The program can use this method to implement division and determine the number of iterations according to its own precision requirements;
(For the initial iteration values, you can use the lookup table method or use the IEEE floating point format to obtain an approximate calculation expression. There is an rcpps (rcpss) in the SSE instruction set) the command can also be used to calculate the approximate reciprocal value.
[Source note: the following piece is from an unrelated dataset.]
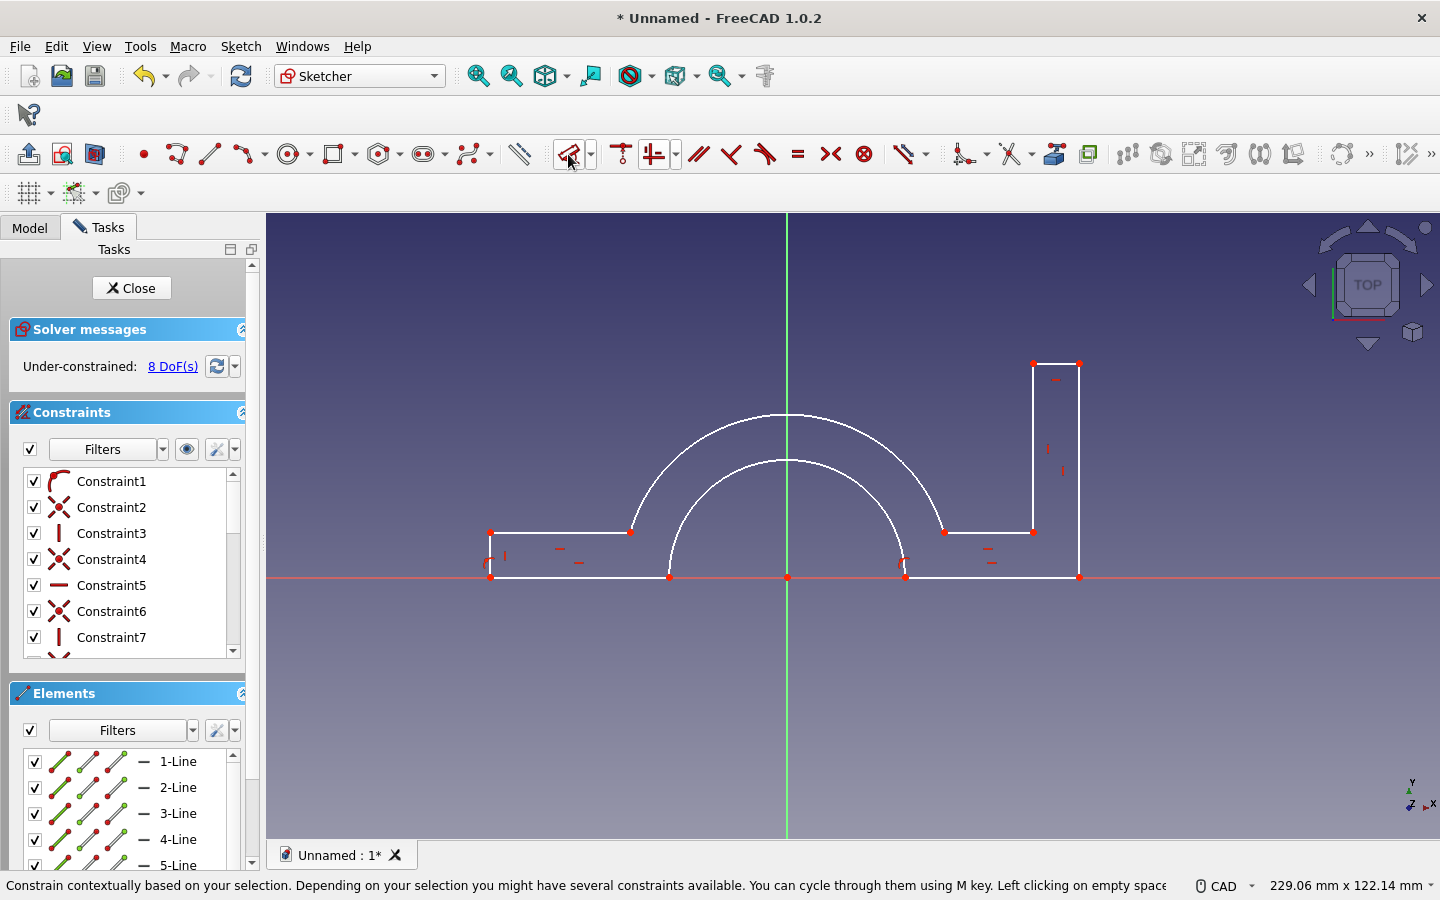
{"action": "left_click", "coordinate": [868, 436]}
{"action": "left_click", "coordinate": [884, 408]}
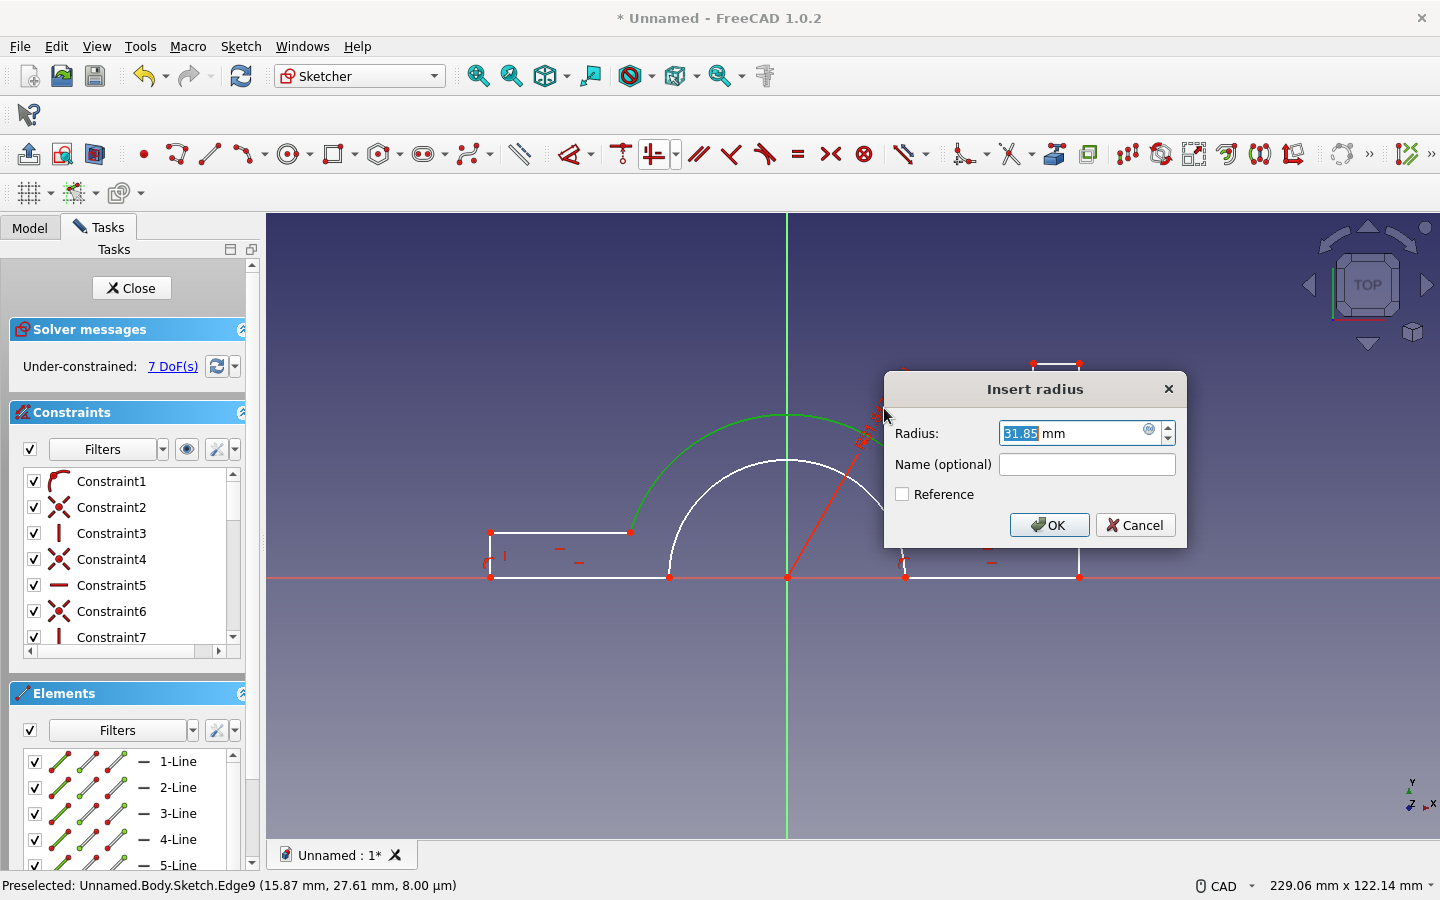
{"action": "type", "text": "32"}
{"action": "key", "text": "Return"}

With the initial value, the above iteration formula can be used to obtain more accurate results)

Appendix: using Newton Iteration Method to implement square operation
// The square operation can be expressed as Y = x ^ 0.5 = 1/(1/x ^ 0.5); Evaluate 1/x ^ 0.5 first
1/A ^ 0.5,
Let a = 1/x ^ 2; there is an equation Y = A-1/x ^ 2;
Evaluate the exported y' = 2/x ^ 3;
X (n + 1) = x (n)-y (x (n)/Y' (x (n ));
There is an iterative formula x_next = (3-a * x * X) * x * 0.5; // it can be proved that the formula is a Level 2 convergence formula. // The process of the method is omitted from the proof above.


Contact Us

The content source of this page is from Internet, which doesn't represent Alibaba Cloud's opinion; products and services mentioned on that page don't have any relationship with Alibaba Cloud. If the content of the page makes you feel confusing, please write us an email, we will handle the problem within 5 days after receiving your email.

If you find any instances of plagiarism from the community, please send an email to: and provide relevant evidence. A staff member will contact you within 5 working days.

A Free Trial That Lets You Build Big!

Start building with 50+ products and up to 12 months usage for Elastic Compute Service

  • Sales Support

    1 on 1 presale consultation

  • After-Sales Support

    24/7 Technical Support 6 Free Tickets per Quarter Faster Response

  • Alibaba Cloud offers highly flexible support services tailored to meet your exact needs.